From: Nathan Huckleberry <nhuck@google.com>
To: linux-crypto@vger.kernel.org
Cc: linux-fscrypt@vger.kernel.org,
Herbert Xu <herbert@gondor.apana.org.au>,
"David S. Miller" <davem@davemloft.net>,
linux-arm-kernel@lists.infradead.org,
Paul Crowley <paulcrowley@google.com>,
Eric Biggers <ebiggers@kernel.org>,
Sami Tolvanen <samitolvanen@google.com>,
Ard Biesheuvel <ardb@kernel.org>,
Nathan Huckleberry <nhuck@google.com>
Subject: [PATCH v6 5/9] crypto: arm64/aes-xctr: Add accelerated implementation of XCTR
Date: Wed, 4 May 2022 00:18:19 +0000 [thread overview]
Message-ID: <20220504001823.2483834-6-nhuck@google.com> (raw)
In-Reply-To: <20220504001823.2483834-1-nhuck@google.com>
Add hardware accelerated version of XCTR for ARM64 CPUs with ARMv8
Crypto Extension support. This XCTR implementation is based on the CTR
implementation in aes-modes.S.
More information on XCTR can be found in
the HCTR2 paper: Length-preserving encryption with HCTR2:
https://eprint.iacr.org/2021/1441.pdf
Signed-off-by: Nathan Huckleberry <nhuck@google.com>
Reviewed-by: Ard Biesheuvel <ardb@kernel.org>
---
arch/arm64/crypto/Kconfig | 4 +-
arch/arm64/crypto/aes-glue.c | 64 ++++++++++++-
arch/arm64/crypto/aes-modes.S | 168 +++++++++++++++++++++-------------
3 files changed, 169 insertions(+), 67 deletions(-)

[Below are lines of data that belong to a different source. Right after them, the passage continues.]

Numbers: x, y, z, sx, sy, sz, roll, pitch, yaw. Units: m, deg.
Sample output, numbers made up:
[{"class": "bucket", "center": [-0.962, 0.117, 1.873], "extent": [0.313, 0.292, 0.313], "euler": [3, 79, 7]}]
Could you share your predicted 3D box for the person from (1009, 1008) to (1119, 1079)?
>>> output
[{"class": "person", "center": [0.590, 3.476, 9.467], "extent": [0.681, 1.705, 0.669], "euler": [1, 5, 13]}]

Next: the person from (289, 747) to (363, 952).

diff --git a/arch/arm64/crypto/Kconfig b/arch/arm64/crypto/Kconfig
index 2a965aa0188d..897f9a4b5b67 100644
--- a/arch/arm64/crypto/Kconfig
+++ b/arch/arm64/crypto/Kconfig
@@ -84,13 +84,13 @@ config CRYPTO_AES_ARM64_CE_CCM
select CRYPTO_LIB_AES
config CRYPTO_AES_ARM64_CE_BLK
- tristate "AES in ECB/CBC/CTR/XTS modes using ARMv8 Crypto Extensions"

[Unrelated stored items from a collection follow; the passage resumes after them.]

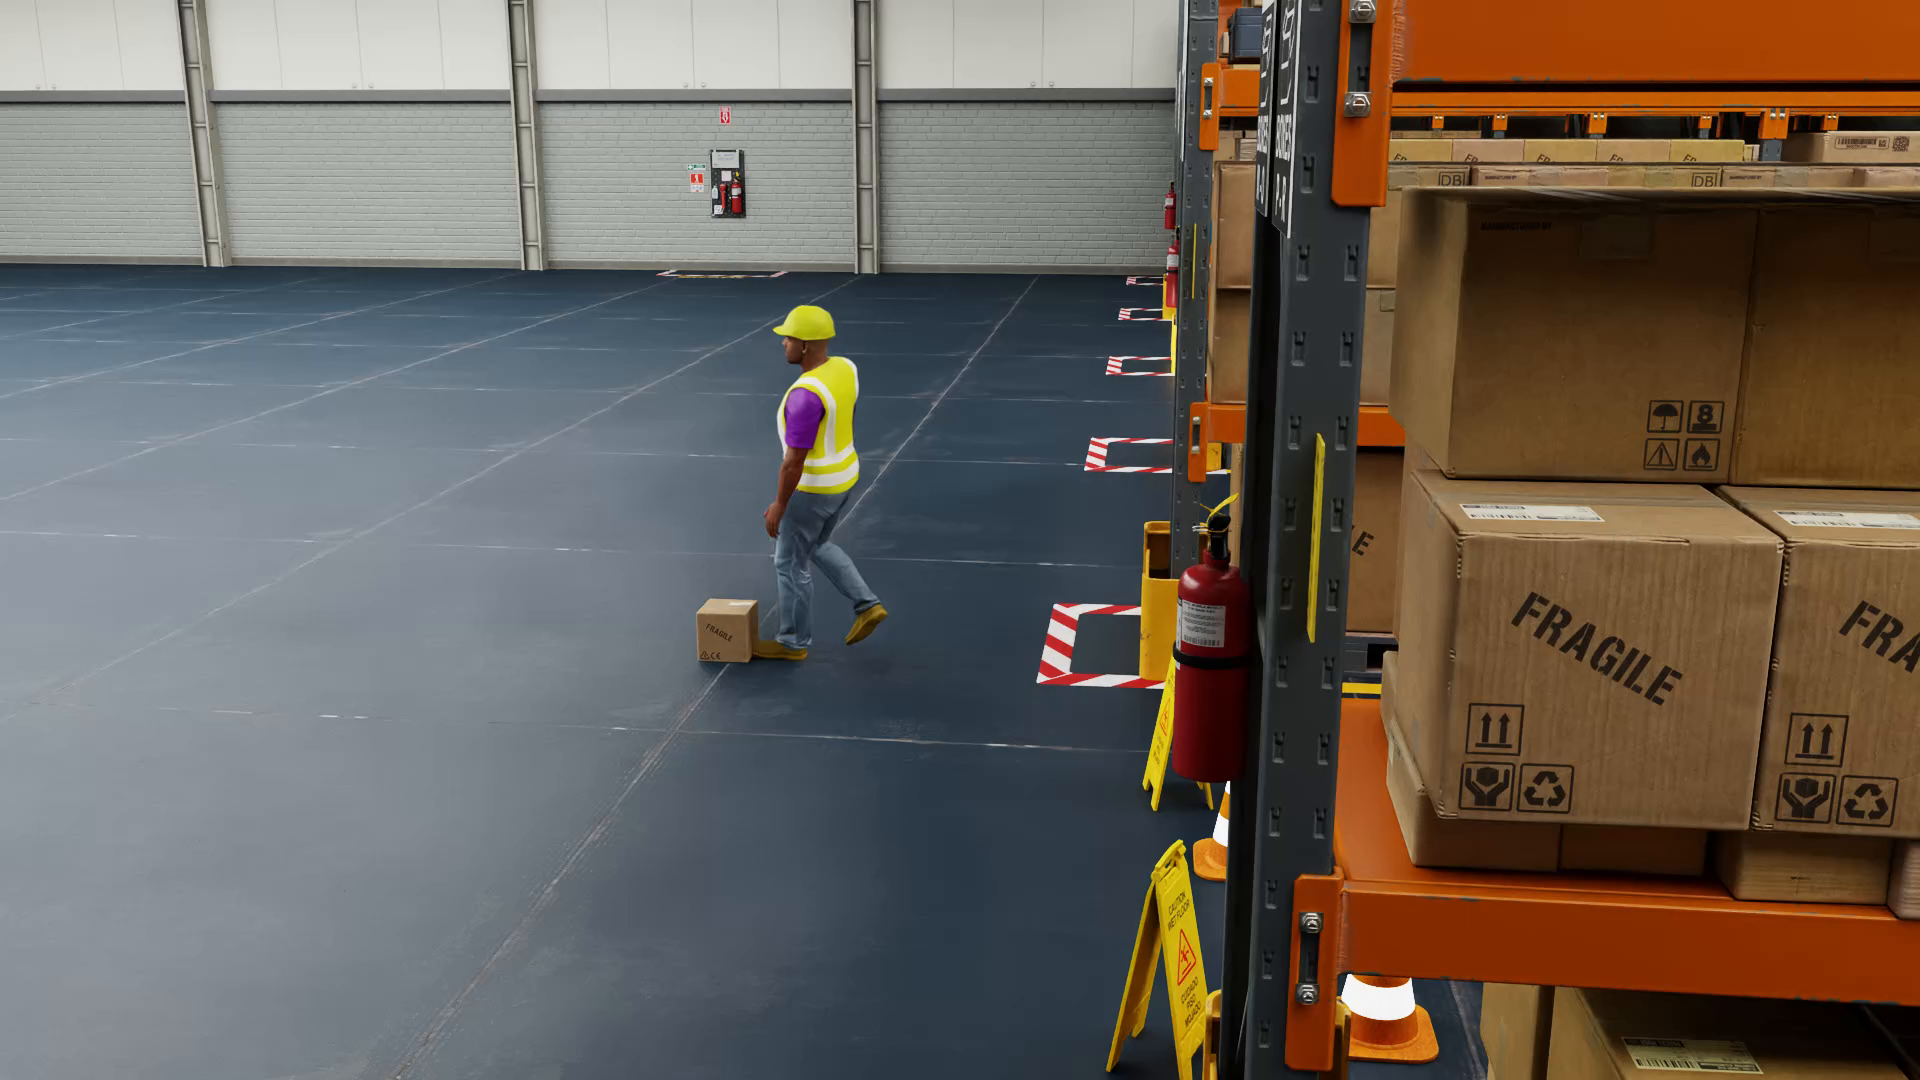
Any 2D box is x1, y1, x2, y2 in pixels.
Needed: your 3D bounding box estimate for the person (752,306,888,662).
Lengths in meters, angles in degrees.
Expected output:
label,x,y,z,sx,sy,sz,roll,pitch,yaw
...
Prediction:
label,x,y,z,sx,sy,sz,roll,pitch,yaw
person,-0.726,-0.257,8.013,0.674,1.755,0.607,3,15,13

+ tristate "AES in ECB/CBC/CTR/XTS/XCTR modes using ARMv8 Crypto Extensions"
depends on KERNEL_MODE_NEON
select CRYPTO_SKCIPHER
select CRYPTO_AES_ARM64_CE
config CRYPTO_AES_ARM64_NEON_BLK
- tristate "AES in ECB/CBC/CTR/XTS modes using NEON instructions"
+ tristate "AES in ECB/CBC/CTR/XTS/XCTR modes using NEON instructions"
depends on KERNEL_MODE_NEON
select CRYPTO_SKCIPHER
select CRYPTO_LIB_AES
diff --git a/arch/arm64/crypto/aes-glue.c b/arch/arm64/crypto/aes-glue.c
index 561dd2332571..b6883288234c 100644
--- a/arch/arm64/crypto/aes-glue.c
+++ b/arch/arm64/crypto/aes-glue.c
@@ -34,10 +34,11 @@
#define aes_essiv_cbc_encrypt ce_aes_essiv_cbc_encrypt
#define aes_essiv_cbc_decrypt ce_aes_essiv_cbc_decrypt
#define aes_ctr_encrypt ce_aes_ctr_encrypt
+#define aes_xctr_encrypt ce_aes_xctr_encrypt
#define aes_xts_encrypt ce_aes_xts_encrypt
#define aes_xts_decrypt ce_aes_xts_decrypt
#define aes_mac_update ce_aes_mac_update
-MODULE_DESCRIPTION("AES-ECB/CBC/CTR/XTS using ARMv8 Crypto Extensions");
+MODULE_DESCRIPTION("AES-ECB/CBC/CTR/XTS/XCTR using ARMv8 Crypto Extensions");
#else
#define MODE "neon"
#define PRIO 200
@@ -50,16 +51,18 @@ MODULE_DESCRIPTION("AES-ECB/CBC/CTR/XTS using ARMv8 Crypto Extensions");
#define aes_essiv_cbc_encrypt neon_aes_essiv_cbc_encrypt
#define aes_essiv_cbc_decrypt neon_aes_essiv_cbc_decrypt
#define aes_ctr_encrypt neon_aes_ctr_encrypt
+#define aes_xctr_encrypt neon_aes_xctr_encrypt
#define aes_xts_encrypt neon_aes_xts_encrypt
#define aes_xts_decrypt neon_aes_xts_decrypt
#define aes_mac_update neon_aes_mac_update
-MODULE_DESCRIPTION("AES-ECB/CBC/CTR/XTS using ARMv8 NEON");
+MODULE_DESCRIPTION("AES-ECB/CBC/CTR/XTS/XCTR using ARMv8 NEON");
#endif
#if defined(USE_V8_CRYPTO_EXTENSIONS) || !IS_ENABLED(CONFIG_CRYPTO_AES_ARM64_BS)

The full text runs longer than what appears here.